**TASK ITEM:** Search the material below for the word "pitch". Copy every line that has it.

**GIVEN DATA:**
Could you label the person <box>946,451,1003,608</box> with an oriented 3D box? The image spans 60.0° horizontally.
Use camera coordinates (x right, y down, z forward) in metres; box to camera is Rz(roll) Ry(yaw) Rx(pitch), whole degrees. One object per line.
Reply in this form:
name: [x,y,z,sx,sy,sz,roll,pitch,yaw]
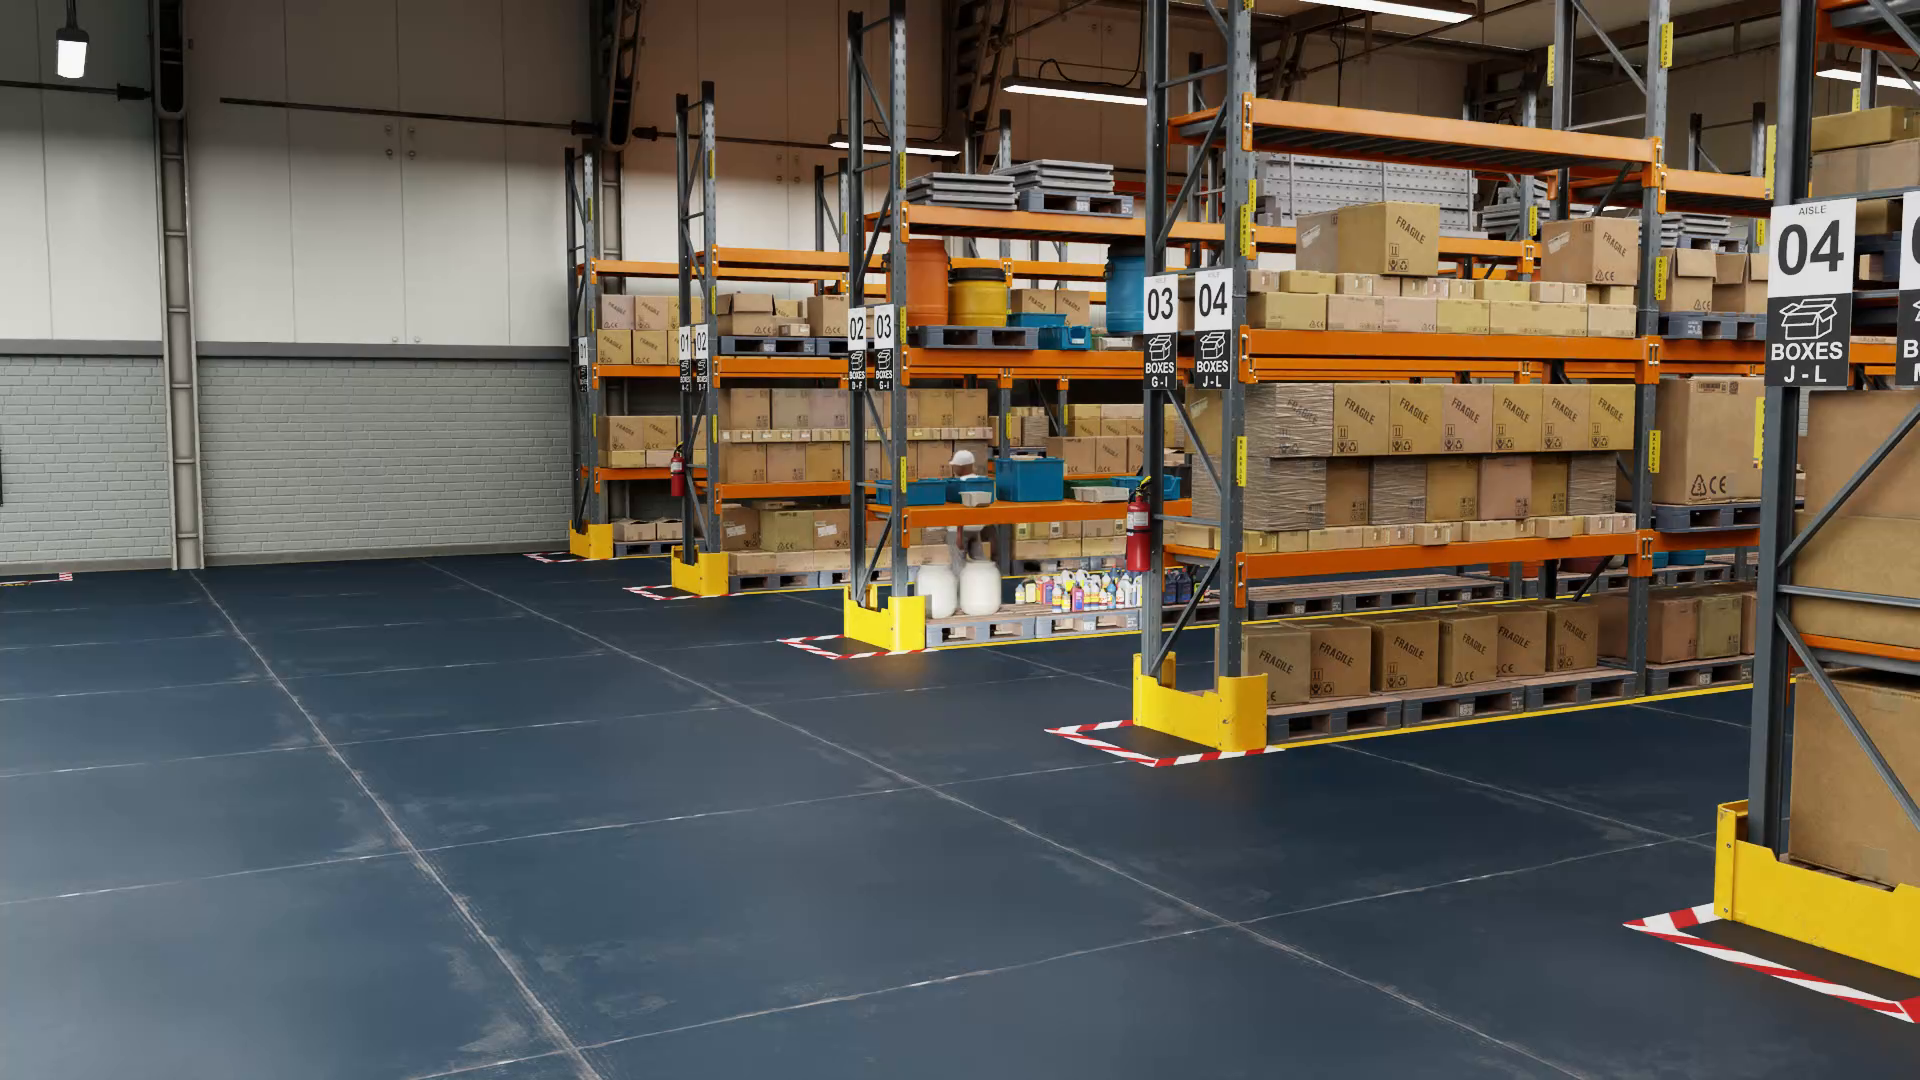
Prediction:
person: [0.152,-0.095,18.124,0.468,1.764,0.707,4,7,41]

**REPLY TO THE EXERCISE:**
Use camera coordinates (x right, y down, z forward) in metres; box to camera is Rz(roll) Ry(yaw) Rx(pitch), whole degrees. One object per line.
name: [x,y,z,sx,sy,sz,roll,pitch,yaw]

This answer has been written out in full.